The problem:
The listing below should be printed in full and exactly, apart from its images.
══ Provided records
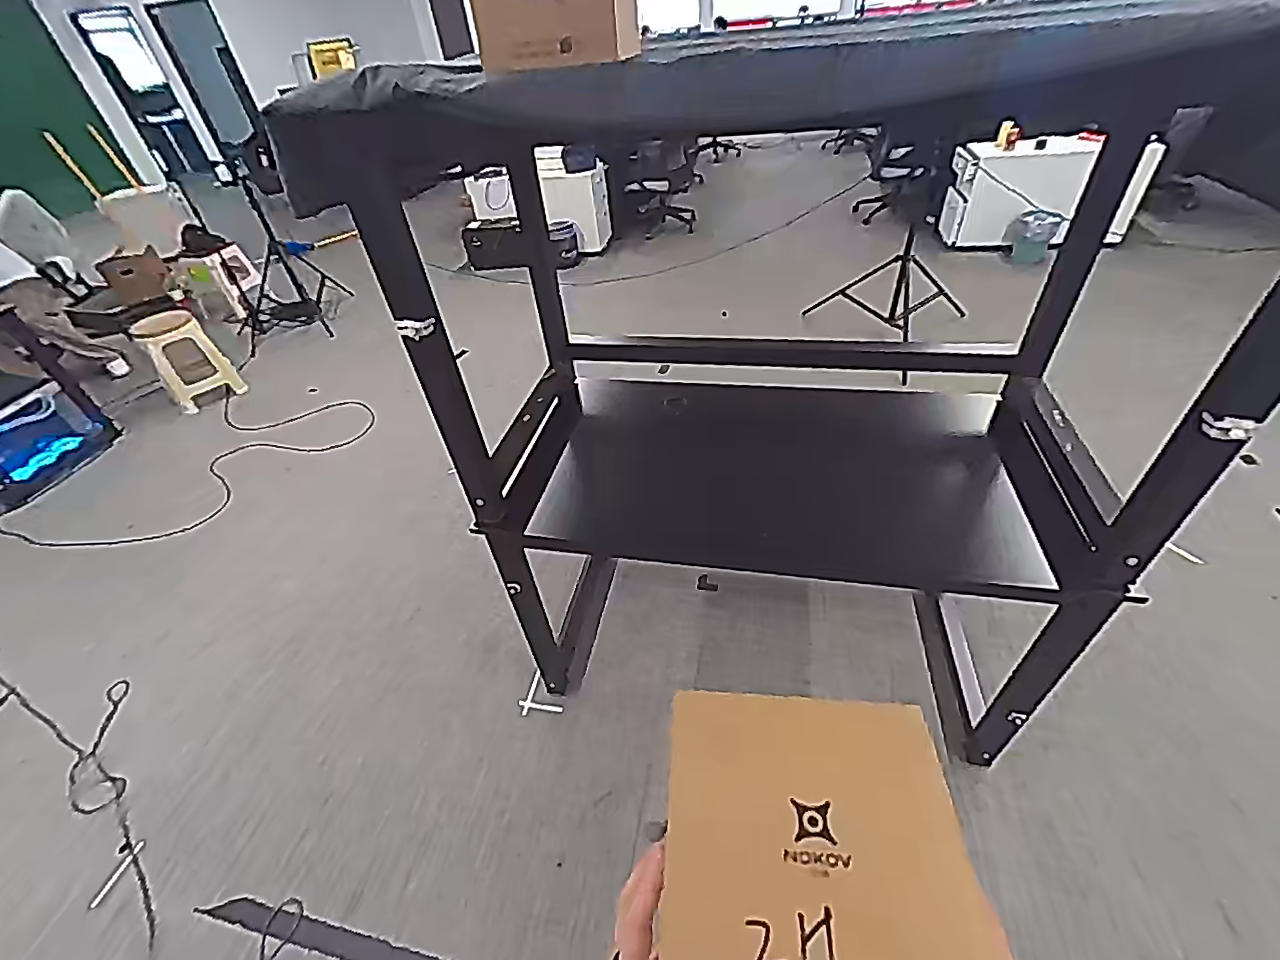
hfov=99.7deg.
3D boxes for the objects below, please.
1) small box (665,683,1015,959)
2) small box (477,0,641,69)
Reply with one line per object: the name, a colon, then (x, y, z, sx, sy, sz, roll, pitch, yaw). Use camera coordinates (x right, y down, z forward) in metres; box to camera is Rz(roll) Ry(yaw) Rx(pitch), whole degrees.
════
Answer:
hfov=99.7deg.
3D boxes for the objects below, please.
1) small box (665,683,1015,959)
2) small box (477,0,641,69)
Reply with one line per object: the name, a colon, then (x, y, z, sx, sy, sz, roll, pitch, yaw). Use camera coordinates (x right, y down, z forward) in metres; box to camera is Rz(roll) Ry(yaw) Rx(pitch), whole degrees.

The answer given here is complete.